Jorge Robles says: October 24, 2012 at 2:37 pm
I use fwbuilder to create my rules, this interface “looks like” checkpoint’s fw1 client to edit rules. Very graphical, and good to work with.

sahil says: November 8, 2012 at 10:14 am
very nice and informative article
it really helped to work for my VPS server

bussy says: November 9, 2012 at 8:09 pm
how i do give access ip ex only for facebook .

Sayajin says: December 19, 2012 at 7:27 am
fb_address=$(dig +tcp +short);
iptables -A OUTPUT -p tcp -s ! -d $fb_address -j DROP;

bahathir says: November 25, 2012 at 3:17 am
For tip #2, it is advisable to run the -P chain ACCEPt first, before flushing it.
# iptables -P INPUT ACCEPT
# iptables -P OUTPUT ACCEPT
# iptables -P FORWARD ACCEPT
# iptables -F
# iptables -t nat -F
# iptables -X
#iptables -t nat -X

Why? If the current chain’s policy is DROP, and you are remotely accessing to the server via SSH, and the rule “-A INPUT -p tcp –dport 22 -j ACCEPT” is still opens the “-P INPUT DROP”. you may disconnected as soon as you flush *-F* the rules, and the default policy “-P INPUT DROP” kicks in. 🙂 If you are working on the local console, it is fine.

Thank you.

qubits4all says: February 2, 2013 at 8:34 am
This is a valid point. Another way to avoid locking oneself out, which I have found very useful for testing firewall changes over an SSH session, is the iptables-apply command (incl. with the Ubuntu iptables package for e.g.). It functions essentially the same as the iptables command, but when applying a rule change it prompts w/ a timeout for a confirmation after making the change. If no response is received (in 30 secs. by default), then it rolls back the change (i.e., add, modify, delete or otherwise).

Once rules have been tested, I save them with iptables-save, and load the stable configuration with an init.d script at system startup (and including support for a ‘restart’ command here, for a clean flush, delete & reapply rules cycle).

levi says: November 27, 2012 at 4:24 am
Could it be you are using iptables save after directly editing? This will overwrite your work. Do a restart to load your newly edited table.

KeepEnEmUp says: December 8, 2012 at 2:32 am
Great Thx for awesome site and for awesome reading,tutos.
Respect And KeepUp dude!

rashid Iqbal says: December 13, 2012 at 11:43 am
from graphical user and groups If I add or delete any user I can’t see any reference log nor in messages or in /var/log/secure file,

Kindly please advise on this that from GUI if we run/execute any command where does the log message will go.
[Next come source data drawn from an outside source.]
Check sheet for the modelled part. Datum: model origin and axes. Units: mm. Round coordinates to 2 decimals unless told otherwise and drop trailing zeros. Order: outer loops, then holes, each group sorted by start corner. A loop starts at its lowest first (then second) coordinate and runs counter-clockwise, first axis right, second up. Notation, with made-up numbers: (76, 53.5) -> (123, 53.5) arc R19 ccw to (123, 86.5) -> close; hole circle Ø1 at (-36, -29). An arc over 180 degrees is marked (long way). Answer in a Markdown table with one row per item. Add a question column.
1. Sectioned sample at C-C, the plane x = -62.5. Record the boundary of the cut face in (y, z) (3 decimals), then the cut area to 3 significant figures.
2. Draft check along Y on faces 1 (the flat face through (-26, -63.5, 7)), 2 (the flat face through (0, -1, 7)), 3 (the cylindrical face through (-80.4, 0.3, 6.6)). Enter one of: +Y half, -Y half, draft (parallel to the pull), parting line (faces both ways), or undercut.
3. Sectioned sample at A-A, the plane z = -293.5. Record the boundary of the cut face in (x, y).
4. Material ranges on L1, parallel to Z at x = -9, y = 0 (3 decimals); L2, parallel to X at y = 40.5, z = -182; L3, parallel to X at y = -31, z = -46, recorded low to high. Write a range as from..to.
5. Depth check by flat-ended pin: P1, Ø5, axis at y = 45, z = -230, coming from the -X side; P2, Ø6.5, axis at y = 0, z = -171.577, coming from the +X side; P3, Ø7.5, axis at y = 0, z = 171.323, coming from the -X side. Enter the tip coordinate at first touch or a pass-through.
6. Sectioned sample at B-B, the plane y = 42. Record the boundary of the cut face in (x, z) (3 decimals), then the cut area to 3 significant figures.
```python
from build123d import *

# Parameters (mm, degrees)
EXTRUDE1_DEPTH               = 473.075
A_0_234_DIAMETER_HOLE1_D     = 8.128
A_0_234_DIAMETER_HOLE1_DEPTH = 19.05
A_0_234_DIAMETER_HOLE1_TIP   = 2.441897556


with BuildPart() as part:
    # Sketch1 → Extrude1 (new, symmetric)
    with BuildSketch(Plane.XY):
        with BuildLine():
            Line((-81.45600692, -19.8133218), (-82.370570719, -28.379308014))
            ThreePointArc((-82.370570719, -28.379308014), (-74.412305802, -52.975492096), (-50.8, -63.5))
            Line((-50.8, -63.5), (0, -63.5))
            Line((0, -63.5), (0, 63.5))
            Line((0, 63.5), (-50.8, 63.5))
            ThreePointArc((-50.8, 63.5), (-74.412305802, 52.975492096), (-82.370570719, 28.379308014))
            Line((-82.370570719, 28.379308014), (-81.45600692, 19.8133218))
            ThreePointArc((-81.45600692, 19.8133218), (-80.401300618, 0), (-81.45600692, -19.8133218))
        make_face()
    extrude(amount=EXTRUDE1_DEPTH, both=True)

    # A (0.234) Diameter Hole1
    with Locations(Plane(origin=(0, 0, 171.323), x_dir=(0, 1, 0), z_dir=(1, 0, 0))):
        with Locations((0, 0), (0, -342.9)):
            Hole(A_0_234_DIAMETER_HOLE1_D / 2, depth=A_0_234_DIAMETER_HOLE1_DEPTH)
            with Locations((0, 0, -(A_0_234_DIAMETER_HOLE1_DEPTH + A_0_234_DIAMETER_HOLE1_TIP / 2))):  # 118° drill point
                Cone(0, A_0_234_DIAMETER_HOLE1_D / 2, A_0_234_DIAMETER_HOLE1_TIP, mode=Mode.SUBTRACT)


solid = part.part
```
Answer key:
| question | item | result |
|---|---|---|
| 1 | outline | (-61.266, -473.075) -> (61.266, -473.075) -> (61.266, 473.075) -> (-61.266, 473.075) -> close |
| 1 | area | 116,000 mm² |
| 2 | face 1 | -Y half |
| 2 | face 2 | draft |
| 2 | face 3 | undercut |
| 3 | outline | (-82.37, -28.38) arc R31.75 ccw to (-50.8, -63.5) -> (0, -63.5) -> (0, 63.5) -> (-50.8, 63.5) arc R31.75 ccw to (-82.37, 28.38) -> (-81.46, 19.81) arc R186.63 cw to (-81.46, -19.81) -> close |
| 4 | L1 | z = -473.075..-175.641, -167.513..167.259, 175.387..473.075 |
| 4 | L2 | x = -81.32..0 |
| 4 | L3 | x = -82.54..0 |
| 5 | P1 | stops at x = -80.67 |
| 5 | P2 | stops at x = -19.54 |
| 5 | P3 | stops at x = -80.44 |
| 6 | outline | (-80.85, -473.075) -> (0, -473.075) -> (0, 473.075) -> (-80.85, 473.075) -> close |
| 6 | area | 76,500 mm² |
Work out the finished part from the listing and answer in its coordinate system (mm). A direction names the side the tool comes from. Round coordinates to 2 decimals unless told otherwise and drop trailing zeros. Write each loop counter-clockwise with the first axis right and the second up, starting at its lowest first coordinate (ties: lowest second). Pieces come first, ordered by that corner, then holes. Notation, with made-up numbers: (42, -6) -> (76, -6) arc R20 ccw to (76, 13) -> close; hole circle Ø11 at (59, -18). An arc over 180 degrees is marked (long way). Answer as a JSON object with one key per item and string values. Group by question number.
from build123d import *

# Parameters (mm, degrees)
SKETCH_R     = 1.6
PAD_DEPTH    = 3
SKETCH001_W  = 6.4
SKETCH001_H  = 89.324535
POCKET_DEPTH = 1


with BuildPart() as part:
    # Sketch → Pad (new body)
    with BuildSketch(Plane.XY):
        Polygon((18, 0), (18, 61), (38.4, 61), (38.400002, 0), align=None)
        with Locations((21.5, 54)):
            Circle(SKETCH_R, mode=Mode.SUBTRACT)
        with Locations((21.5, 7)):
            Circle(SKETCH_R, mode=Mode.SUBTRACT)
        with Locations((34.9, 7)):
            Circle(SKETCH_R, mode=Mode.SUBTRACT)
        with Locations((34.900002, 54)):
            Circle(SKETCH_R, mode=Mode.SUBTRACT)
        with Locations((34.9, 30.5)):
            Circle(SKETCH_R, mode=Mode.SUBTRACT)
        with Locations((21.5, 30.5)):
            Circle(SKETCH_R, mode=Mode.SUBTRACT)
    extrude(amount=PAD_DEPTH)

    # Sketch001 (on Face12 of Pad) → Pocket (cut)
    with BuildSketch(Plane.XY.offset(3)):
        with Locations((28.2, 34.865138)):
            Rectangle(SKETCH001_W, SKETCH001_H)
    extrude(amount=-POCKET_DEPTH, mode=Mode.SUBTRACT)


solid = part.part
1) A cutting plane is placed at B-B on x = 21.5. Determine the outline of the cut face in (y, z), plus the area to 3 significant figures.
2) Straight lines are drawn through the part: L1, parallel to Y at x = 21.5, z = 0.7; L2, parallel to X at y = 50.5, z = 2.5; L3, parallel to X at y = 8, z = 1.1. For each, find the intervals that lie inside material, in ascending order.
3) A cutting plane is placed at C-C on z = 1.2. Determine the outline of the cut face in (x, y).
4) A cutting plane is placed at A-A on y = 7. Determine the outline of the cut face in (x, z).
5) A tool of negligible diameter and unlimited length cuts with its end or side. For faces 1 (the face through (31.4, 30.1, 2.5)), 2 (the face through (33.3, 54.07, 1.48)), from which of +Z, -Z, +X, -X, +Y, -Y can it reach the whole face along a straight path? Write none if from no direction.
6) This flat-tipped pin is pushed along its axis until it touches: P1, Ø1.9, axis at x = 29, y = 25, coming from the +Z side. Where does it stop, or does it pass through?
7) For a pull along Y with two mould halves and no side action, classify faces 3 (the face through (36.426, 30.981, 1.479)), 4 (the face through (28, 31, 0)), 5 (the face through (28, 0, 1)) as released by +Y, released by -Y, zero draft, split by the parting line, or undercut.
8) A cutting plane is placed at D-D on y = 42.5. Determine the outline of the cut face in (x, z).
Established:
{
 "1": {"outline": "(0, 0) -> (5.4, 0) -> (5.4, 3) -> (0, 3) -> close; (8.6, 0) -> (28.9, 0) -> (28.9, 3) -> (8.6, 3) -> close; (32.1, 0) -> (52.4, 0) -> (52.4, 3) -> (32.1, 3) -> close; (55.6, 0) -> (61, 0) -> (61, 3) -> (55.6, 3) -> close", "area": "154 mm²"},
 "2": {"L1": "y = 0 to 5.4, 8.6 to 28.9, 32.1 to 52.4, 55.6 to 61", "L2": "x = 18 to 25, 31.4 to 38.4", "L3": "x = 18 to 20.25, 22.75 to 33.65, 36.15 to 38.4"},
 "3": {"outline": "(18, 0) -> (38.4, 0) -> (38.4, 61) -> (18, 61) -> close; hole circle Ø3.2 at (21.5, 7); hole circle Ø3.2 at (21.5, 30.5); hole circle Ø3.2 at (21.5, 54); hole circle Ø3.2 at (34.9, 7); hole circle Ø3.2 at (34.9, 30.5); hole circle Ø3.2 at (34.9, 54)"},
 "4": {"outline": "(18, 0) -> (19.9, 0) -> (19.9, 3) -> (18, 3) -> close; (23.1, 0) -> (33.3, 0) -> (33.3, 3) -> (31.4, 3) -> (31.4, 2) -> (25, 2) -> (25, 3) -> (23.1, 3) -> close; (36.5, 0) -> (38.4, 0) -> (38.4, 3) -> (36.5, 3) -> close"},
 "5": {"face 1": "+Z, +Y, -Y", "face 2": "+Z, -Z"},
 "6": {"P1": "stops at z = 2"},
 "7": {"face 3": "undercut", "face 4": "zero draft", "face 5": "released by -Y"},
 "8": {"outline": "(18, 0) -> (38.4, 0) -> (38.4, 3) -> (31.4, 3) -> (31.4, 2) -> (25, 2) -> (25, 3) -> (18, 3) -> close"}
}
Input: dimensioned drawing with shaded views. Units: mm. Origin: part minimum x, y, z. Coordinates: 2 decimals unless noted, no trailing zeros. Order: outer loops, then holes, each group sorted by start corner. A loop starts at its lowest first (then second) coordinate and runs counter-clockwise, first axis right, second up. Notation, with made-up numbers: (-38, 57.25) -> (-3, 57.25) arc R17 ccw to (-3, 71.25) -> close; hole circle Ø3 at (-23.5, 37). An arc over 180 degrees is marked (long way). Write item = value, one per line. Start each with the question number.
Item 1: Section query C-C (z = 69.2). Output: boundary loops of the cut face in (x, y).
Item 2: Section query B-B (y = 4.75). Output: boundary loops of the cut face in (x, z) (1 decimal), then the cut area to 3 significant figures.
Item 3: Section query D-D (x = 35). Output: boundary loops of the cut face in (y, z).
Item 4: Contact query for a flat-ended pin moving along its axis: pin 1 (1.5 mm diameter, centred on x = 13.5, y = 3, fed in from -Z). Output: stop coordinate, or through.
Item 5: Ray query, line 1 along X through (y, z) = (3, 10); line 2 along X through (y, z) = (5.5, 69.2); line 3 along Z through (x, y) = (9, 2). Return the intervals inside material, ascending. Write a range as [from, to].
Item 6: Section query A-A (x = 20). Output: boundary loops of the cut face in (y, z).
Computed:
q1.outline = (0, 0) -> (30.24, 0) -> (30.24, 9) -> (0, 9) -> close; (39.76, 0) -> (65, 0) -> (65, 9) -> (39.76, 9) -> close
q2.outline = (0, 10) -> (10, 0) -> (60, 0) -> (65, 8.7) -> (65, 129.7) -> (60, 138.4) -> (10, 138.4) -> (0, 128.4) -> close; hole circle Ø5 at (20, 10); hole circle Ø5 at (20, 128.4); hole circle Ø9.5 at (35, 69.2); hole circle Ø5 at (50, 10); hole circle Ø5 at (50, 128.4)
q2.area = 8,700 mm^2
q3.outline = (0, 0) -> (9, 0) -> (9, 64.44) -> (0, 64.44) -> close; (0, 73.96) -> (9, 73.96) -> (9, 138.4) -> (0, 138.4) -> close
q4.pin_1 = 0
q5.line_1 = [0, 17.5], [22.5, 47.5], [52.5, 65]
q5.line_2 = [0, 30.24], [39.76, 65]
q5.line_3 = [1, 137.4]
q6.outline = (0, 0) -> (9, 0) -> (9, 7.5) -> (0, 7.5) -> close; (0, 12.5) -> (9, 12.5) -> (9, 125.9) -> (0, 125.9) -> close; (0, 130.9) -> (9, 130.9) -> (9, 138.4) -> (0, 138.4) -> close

Gangadhar says: February 27, 2013 at 2:50 pm
thank you very much for such a wonderful explanation….. very clear and had nice experience with iptables…

haidt says: March 10, 2013 at 9:04 am
Hi there,

i have a problem, i have got a server and LAN network, and this’s feature

internet (eth0) server (eth1) clients ->
now, i can config to iptables accept all client connect internet, but in this situation, i want to allow only one client (assume:, i try but not completed. pls help me 🙂


Manish Narnaware says: April 24, 2013 at 5:33 am
Thanks a lot.

Orange says: April 25, 2013 at 11:08 pm
Thank you very much. Coincidentally, I just discovered an hour ago that I need to use iptables to allow a tablet computer to talk through my laptop, using the same internet connection. And then I discovered that I can’t remember any of it. I was using IP tables and IP nat 15 years ago, back when it was Darrin Reed’s project (name???), but that was too long ago for my memory. This article will get me back on track fast.
Thanks again.

Le Vu says: May 29, 2013 at 8:23 am
Module xt_connlimit was disabled. How to limit number of connection per IP, can you module limit and recent. Please help me. 🙂

abedatwa says: June 13, 2013 at 7:08 am
thank you

abedatwa says: June 13, 2013 at 7:09 am
thank you for you ivitation

Mark says: August 1, 2013 at 1:33 pm
Thank you for this example. I don’t remember the command line off the top of my head and this gives me enough information to do what I need to do without having to read 30 man pages. If only proper support ( would be so efficient.

paul says: August 3, 2013 at 1:29 am
Enjoyed and appreciated the article and the comments particularly from noone (13 December 2011). I’ve added some of the suggestions to my firewalls.

The first lines in every INPUT are always


123 & 124 represent my external IPs including home and office backup connections.

These entries ensure that whatever errors I make in IPTables I can never lock myself out of my remote servers.

Best regards to all,


John says: August 21, 2013 at 2:40 am
In 7.1, the example provided does not block all incoming traffic like it claims. If you don’t add more parameters, the rule will apply to both directions.

The example rule:

iptables -I INPUT -m state –state NEW,ESTABLISHED -j ACCEPT

This would not only allow for NEW outgoing requests but also NEW incoming requests. The DROP policy for the INPUT chain can’t do it’s job to block incoming connections since it is applied after the rule which allows both NEW incoming and outgoing connections.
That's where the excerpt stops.